I've choosen MOO to make my first steps with own DSLs, as that isn't my focus area it could be that the "wish" is simply bad practice.

Parsed languages are Standard SQL and custom Modeling-Languages

In relation to: #142, #89, #12

In my e.g. SQL are non-standard placeholders, which are resolved while parsing the token, the placeholder may-reference to another SQL-code, which is then parsed and injected to the AST where the placeholder is.

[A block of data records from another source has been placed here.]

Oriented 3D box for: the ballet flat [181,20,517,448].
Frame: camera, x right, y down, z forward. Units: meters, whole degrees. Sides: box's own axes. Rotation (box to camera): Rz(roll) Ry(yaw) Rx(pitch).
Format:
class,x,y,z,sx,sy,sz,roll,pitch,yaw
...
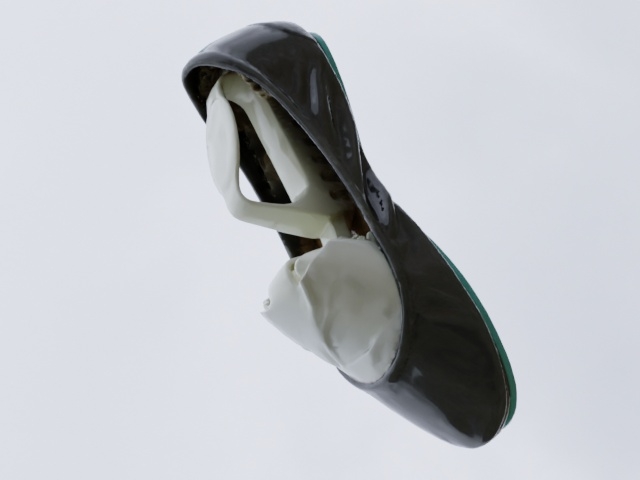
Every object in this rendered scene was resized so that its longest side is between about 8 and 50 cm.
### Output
class,x,y,z,sx,sy,sz,roll,pitch,yaw
ballet flat,0.000,0.000,0.988,0.096,0.280,0.095,-9,-34,-35
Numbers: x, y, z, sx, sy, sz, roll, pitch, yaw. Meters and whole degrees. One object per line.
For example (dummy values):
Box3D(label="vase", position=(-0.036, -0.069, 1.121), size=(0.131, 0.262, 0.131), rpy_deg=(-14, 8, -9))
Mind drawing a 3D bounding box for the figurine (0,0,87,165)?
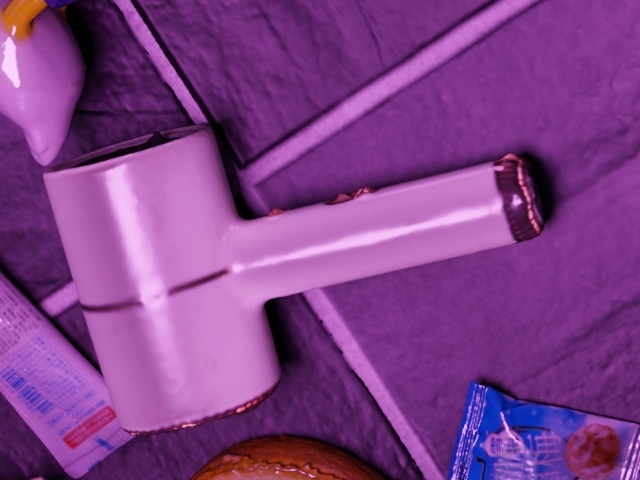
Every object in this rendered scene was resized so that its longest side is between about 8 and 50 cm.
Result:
Box3D(label="figurine", position=(-0.279, -0.116, 1.282), size=(0.420, 0.154, 0.193), rpy_deg=(-30, 98, 24))

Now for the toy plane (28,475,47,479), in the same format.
Box3D(label="toy plane", position=(-0.284, 0.262, 1.419), size=(0.244, 0.092, 0.229), rpy_deg=(28, 114, 11))

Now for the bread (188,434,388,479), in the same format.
Box3D(label="bread", position=(-0.021, 0.258, 1.339), size=(0.236, 0.070, 0.236), rpy_deg=(5, 108, 17))

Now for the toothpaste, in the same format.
Box3D(label="toothpaste", position=(-0.238, 0.080, 1.377), size=(0.089, 0.057, 0.234), rpy_deg=(-37, 97, 26))

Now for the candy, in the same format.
Box3D(label="candy", position=(0.162, 0.158, 1.268), size=(0.136, 0.038, 0.088), rpy_deg=(14, 96, 7))

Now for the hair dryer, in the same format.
Box3D(label="hair dryer", position=(0.000, 0.000, 1.244), size=(0.362, 0.128, 0.203), rpy_deg=(-14, 99, 14))
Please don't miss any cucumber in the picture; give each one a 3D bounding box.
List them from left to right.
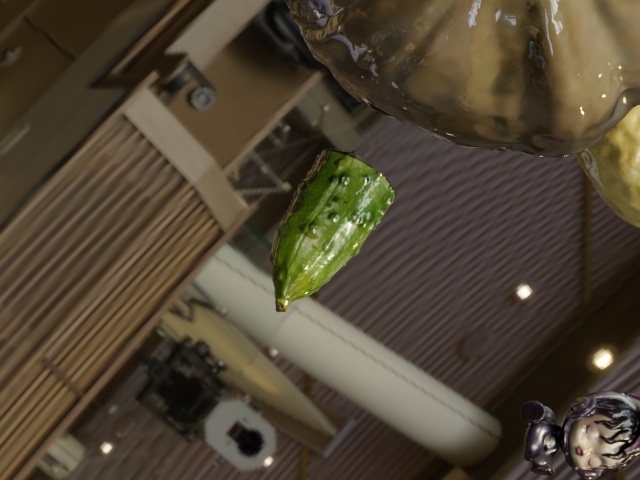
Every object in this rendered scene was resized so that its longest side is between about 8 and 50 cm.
[{"bbox_3d":[-0.003,-0.002,1.570,0.134,0.134,0.244,-6,-134,50],"label":"cucumber"}]

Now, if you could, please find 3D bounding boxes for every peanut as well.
[{"bbox_3d":[0.273,-0.149,1.096,0.147,0.319,0.147,-32,176,-2],"label":"peanut"}]

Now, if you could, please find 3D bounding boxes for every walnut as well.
[{"bbox_3d":[0.080,-0.137,0.484,0.224,0.224,0.224,-32,-152,20],"label":"walnut"}]

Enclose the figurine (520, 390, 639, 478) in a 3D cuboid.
[{"bbox_3d":[0.433,0.302,1.756,0.222,0.145,0.145,-2,-140,17],"label":"figurine"}]

I'm using a custom parser to produce the AST, implementing a shallow visitor pattern over Token.

My current problem comes from save/reset and the (looks like) impossibility to simply "resume where it was".

When using the following logic, it goes into an endless loop:

const text = 'the-code with reference'
lexer.reset(text)

// ... iterating based on `lexer.next()` in the parser
const saved = lexer.save() // POS-A

// do some other lexer.reset('partial-code'); lexer.next();

// resume from `POS-A`
lexer.reset(text, saved)

So from #89 i've used the slice strategy and wrapped the lexer.next() to get it from all parsed tokens to build an index-index like said in #142 - leading to "I don't use save at all":

export class ModelLangParser<N extends DslNodeBase> {
    protected readonly lexer: Lexer
    protected readonly visitors: DslVisitors<N> | undefined = undefined
    protected readonly saved: [string, LexerState][] = []
    protected readonly text: string
    protected position: number = 0

    constructor(
        lexer: Lexer,
        visitors: (parser: ModelLangParser<N>) => DslVisitors<N>,
        text: string,
    ) {
        this.lexer = lexer
        this.visitors = visitors(this)
        this.text = text
    }

    save() {
        // failed experiment, if it could be built correctly with `save` 
        const saved: [string, LexerState] = [this.text, this.lexer.save()]
        this.saved.push(saved)
    }

    resume() {
        this.lexer.reset(this.text.slice(this.position))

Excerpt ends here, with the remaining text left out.